» **What you should do**: Copy each line of the records that contains the word "PROPERTY".
- - - -
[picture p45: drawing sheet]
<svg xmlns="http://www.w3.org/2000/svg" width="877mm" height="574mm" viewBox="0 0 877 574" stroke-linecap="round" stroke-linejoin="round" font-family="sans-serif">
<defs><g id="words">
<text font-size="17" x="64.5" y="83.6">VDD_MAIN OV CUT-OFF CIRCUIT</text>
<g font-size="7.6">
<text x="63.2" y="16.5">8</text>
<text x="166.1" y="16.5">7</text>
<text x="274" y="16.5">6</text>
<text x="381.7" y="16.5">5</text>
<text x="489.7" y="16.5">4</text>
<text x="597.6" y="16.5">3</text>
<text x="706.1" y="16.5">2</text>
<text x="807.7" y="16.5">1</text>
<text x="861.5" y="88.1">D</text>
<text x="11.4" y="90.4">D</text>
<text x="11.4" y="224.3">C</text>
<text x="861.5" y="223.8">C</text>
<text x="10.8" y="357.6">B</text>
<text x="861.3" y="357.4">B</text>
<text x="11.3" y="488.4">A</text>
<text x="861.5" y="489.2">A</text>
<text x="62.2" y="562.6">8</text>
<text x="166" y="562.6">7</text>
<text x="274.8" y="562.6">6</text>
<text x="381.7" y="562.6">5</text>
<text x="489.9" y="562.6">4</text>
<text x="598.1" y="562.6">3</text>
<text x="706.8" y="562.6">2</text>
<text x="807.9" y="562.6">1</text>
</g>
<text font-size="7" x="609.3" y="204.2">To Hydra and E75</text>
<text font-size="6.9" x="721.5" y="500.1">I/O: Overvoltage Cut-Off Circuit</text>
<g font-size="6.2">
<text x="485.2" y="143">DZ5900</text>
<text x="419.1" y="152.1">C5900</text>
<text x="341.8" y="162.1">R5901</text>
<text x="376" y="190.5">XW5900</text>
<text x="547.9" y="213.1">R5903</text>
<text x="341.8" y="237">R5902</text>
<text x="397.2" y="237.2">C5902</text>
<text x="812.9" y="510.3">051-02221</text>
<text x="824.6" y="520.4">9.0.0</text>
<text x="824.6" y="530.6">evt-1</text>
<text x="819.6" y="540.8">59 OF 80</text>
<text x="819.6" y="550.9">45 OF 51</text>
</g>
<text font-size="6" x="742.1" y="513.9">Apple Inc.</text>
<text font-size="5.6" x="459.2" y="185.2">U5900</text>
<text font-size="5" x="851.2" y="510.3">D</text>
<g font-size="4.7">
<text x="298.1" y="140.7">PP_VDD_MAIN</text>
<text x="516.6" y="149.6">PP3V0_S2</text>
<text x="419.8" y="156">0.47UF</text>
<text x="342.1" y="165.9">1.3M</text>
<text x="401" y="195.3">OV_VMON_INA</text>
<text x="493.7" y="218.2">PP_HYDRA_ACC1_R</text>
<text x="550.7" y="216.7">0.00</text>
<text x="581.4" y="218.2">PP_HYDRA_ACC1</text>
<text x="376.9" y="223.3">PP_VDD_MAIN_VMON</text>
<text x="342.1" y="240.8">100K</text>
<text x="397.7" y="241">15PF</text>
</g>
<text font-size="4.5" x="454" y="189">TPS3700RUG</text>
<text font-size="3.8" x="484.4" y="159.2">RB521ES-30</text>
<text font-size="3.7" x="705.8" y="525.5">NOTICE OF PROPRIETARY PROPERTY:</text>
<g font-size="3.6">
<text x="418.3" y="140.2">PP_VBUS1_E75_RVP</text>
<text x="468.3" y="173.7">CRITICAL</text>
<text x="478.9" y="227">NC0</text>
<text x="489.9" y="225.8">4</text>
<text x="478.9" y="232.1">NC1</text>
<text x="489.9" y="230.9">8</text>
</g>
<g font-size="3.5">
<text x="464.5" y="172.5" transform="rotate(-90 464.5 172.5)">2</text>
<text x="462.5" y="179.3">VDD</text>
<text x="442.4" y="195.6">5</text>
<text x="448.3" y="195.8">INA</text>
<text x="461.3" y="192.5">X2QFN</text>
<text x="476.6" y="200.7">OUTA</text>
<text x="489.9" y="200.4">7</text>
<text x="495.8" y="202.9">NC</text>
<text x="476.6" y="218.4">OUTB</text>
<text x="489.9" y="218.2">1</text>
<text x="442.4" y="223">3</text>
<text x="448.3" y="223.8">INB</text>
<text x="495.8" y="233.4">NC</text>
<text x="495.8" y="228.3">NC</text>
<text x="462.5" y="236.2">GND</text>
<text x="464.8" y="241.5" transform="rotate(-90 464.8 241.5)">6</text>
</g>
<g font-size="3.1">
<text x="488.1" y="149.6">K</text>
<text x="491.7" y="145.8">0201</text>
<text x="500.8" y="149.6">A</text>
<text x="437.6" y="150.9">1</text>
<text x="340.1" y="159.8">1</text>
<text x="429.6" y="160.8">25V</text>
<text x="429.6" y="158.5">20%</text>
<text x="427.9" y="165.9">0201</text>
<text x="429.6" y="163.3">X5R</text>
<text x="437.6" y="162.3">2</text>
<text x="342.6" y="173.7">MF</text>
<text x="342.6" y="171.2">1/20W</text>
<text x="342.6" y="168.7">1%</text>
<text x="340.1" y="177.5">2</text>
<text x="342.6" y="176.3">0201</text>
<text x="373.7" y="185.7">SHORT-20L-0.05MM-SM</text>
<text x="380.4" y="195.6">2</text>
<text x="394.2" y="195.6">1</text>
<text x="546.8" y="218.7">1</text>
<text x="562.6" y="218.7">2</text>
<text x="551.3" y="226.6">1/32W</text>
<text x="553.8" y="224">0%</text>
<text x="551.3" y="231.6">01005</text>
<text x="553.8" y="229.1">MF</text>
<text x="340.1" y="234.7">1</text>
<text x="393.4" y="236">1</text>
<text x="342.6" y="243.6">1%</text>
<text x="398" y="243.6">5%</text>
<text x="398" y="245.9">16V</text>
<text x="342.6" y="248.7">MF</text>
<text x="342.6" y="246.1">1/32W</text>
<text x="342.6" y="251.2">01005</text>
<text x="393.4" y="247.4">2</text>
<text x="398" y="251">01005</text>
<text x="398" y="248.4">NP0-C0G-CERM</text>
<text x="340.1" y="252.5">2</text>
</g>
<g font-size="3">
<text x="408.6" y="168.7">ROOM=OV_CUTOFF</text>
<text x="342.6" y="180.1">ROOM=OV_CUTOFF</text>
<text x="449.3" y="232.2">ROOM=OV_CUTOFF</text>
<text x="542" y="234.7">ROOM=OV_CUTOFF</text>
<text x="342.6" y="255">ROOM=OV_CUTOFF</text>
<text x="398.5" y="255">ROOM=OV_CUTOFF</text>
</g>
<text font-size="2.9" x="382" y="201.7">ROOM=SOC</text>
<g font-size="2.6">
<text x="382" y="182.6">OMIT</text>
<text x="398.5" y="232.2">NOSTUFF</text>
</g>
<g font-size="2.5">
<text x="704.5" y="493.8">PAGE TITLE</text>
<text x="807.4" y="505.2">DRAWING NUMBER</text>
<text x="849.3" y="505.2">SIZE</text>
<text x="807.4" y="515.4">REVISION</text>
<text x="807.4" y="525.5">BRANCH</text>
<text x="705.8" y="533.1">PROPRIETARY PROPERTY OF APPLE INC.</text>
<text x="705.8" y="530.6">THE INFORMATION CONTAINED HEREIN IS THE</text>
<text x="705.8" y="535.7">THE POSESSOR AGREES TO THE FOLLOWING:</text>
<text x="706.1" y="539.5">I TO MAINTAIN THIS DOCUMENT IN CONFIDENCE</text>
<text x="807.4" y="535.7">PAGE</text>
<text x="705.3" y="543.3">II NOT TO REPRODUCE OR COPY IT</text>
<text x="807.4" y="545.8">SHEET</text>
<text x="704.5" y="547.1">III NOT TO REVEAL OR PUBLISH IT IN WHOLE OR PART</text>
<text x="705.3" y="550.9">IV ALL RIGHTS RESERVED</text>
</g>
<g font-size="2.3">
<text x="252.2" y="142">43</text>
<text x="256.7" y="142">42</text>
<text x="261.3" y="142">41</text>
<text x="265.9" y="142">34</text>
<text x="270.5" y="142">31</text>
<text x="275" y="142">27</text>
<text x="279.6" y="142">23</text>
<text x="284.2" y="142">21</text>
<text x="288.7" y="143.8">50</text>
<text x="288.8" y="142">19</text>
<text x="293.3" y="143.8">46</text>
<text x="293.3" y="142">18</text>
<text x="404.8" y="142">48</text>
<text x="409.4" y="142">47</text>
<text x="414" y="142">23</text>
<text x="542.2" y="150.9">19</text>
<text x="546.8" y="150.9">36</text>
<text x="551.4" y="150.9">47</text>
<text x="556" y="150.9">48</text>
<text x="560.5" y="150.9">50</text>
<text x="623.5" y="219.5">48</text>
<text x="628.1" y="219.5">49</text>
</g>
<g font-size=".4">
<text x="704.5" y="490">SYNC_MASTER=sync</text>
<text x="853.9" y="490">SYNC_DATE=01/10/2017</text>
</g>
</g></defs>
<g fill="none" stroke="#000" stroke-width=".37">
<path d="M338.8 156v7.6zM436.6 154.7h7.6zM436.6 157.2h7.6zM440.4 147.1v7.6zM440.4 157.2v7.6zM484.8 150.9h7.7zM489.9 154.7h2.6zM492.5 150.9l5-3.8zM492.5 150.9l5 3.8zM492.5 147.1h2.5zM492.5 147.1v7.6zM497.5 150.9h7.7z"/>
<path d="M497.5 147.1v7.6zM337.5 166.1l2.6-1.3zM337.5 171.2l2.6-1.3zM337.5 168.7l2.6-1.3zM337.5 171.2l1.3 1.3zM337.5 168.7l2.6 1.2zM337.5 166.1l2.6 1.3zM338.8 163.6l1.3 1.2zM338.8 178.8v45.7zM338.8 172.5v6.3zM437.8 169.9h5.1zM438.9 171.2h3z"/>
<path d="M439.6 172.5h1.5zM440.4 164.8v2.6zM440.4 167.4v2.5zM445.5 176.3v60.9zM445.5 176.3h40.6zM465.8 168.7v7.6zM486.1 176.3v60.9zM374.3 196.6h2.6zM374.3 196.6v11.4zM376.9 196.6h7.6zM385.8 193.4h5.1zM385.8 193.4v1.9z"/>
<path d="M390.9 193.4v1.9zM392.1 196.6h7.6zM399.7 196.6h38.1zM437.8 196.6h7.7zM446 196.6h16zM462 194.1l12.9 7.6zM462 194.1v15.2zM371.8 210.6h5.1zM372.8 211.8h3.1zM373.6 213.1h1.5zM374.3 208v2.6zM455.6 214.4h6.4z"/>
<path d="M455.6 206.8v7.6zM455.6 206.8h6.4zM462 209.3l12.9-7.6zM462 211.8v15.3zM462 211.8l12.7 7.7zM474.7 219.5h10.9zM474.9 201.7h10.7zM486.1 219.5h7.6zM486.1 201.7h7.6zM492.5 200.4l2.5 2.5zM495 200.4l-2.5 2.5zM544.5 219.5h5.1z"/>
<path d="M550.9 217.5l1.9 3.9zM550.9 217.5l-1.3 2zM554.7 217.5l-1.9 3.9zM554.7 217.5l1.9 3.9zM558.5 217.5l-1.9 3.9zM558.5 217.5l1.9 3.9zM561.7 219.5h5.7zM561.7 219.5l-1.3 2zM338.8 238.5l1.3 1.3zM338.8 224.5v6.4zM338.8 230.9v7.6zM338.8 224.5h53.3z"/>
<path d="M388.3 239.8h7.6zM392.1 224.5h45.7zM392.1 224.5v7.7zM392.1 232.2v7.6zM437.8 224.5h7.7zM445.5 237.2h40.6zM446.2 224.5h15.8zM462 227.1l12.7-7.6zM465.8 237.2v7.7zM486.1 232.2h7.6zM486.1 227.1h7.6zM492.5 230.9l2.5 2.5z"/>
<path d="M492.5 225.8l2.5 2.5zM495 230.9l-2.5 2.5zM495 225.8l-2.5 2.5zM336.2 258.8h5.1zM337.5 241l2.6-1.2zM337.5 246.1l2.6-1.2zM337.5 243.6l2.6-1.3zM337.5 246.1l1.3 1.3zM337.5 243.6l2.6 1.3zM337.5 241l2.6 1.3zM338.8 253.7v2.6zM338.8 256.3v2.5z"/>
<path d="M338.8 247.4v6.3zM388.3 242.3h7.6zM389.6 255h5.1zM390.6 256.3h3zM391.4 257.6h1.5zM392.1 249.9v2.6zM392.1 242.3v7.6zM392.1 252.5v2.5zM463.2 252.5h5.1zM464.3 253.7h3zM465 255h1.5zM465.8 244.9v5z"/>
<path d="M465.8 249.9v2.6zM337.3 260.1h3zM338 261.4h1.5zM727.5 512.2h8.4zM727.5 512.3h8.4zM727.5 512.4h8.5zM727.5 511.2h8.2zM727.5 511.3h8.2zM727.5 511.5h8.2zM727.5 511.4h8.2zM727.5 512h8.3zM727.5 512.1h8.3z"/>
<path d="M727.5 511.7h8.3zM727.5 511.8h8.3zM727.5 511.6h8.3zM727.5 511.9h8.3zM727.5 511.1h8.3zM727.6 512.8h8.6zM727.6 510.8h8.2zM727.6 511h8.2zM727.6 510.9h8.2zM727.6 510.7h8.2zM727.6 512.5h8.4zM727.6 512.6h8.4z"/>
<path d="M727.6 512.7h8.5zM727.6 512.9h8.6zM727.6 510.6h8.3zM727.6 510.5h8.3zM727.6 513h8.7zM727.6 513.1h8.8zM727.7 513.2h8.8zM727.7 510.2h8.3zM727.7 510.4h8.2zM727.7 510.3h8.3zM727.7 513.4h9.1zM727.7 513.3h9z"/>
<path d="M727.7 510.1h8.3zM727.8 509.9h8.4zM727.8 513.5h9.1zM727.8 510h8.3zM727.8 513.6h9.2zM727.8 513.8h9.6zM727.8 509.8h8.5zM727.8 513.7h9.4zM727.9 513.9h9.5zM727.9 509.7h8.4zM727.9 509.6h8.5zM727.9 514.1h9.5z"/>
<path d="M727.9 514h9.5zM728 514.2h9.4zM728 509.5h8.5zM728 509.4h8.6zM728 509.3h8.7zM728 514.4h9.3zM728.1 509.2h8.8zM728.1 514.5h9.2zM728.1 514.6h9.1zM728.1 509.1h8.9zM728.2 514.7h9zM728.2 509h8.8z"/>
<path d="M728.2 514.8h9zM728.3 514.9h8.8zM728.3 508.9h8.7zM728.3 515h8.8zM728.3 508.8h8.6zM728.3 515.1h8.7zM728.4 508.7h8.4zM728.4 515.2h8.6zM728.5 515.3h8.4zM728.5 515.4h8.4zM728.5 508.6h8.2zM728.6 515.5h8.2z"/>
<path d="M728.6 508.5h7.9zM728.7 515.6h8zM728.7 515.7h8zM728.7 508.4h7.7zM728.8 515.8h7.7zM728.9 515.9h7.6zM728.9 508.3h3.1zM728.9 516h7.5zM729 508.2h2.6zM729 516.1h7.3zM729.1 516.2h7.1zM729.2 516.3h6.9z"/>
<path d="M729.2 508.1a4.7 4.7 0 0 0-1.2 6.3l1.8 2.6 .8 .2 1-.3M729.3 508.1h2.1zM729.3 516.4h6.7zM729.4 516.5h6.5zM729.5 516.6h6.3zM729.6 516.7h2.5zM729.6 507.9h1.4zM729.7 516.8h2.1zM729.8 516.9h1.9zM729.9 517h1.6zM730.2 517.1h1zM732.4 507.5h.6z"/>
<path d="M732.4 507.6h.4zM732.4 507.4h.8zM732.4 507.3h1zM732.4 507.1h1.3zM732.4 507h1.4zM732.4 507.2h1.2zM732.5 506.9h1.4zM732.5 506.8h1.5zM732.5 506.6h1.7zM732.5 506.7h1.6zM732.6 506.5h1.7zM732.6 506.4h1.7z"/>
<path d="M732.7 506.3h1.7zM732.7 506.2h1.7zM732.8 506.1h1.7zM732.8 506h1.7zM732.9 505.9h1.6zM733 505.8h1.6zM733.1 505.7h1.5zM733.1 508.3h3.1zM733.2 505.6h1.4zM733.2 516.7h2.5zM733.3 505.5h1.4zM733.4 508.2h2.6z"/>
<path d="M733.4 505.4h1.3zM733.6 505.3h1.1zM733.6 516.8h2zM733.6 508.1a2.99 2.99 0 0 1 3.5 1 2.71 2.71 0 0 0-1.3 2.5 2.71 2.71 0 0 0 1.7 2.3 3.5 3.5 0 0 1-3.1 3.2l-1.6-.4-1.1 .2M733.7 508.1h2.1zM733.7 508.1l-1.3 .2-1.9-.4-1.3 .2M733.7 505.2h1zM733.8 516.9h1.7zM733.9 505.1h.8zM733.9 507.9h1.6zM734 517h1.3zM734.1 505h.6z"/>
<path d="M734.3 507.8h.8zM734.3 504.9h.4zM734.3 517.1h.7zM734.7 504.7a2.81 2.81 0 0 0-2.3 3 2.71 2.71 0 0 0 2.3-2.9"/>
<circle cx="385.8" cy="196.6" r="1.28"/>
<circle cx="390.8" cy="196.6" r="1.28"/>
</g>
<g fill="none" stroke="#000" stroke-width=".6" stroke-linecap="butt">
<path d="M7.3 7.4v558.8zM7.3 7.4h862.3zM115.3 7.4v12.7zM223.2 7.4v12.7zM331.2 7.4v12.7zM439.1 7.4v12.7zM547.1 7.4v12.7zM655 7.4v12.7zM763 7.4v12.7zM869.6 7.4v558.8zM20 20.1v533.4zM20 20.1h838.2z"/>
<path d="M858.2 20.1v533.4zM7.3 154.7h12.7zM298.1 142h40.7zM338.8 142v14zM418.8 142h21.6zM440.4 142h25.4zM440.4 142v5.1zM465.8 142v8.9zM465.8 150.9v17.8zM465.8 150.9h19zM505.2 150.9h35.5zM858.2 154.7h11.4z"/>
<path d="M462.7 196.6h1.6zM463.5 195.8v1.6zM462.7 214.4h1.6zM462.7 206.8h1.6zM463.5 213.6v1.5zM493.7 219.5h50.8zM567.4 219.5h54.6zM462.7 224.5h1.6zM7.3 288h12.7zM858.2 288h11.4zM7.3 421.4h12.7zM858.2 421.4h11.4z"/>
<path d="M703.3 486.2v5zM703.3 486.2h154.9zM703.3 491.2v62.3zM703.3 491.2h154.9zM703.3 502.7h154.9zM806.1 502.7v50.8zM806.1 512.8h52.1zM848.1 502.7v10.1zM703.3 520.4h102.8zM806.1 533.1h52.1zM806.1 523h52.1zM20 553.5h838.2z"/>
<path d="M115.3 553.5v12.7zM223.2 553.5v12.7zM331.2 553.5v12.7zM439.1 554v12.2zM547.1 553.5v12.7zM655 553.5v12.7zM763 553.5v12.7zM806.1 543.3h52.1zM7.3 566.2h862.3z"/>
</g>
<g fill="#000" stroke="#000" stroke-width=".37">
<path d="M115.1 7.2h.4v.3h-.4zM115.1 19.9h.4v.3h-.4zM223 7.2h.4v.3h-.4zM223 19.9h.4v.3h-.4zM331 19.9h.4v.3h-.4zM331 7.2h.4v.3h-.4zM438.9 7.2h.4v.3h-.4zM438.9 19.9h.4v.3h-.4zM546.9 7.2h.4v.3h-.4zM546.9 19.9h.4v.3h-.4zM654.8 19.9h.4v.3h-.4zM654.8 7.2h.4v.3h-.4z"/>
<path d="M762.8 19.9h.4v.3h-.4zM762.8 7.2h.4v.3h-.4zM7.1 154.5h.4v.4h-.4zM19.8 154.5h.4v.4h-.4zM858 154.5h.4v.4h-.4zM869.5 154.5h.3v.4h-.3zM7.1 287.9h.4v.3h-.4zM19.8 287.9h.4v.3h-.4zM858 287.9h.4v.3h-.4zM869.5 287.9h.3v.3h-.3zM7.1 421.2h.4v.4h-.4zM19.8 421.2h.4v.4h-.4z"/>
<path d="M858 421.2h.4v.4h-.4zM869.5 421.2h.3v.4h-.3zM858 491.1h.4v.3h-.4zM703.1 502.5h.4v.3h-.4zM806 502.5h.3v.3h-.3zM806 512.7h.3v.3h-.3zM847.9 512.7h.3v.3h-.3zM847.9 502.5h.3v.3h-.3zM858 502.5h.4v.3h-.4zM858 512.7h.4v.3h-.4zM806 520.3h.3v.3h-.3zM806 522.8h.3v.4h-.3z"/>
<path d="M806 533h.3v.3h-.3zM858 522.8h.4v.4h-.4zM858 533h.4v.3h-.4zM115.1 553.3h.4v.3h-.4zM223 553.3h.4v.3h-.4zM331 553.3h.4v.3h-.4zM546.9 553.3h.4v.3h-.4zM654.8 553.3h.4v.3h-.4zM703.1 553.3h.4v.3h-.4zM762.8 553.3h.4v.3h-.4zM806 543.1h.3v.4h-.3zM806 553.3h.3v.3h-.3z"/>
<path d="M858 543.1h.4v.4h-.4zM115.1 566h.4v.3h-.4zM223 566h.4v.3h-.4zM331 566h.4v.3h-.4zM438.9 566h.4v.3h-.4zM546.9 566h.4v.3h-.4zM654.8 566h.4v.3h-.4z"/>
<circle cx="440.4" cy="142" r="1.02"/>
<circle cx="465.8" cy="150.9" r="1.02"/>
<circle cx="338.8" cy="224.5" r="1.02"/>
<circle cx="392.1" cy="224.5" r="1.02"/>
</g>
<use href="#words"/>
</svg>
- - - -
» **Output**:
<text font-size="3.7" x="705.8" y="525.5">NOTICE OF PROPRIETARY PROPERTY:</text>
<text x="705.8" y="533.1">PROPRIETARY PROPERTY OF APPLE INC.</text>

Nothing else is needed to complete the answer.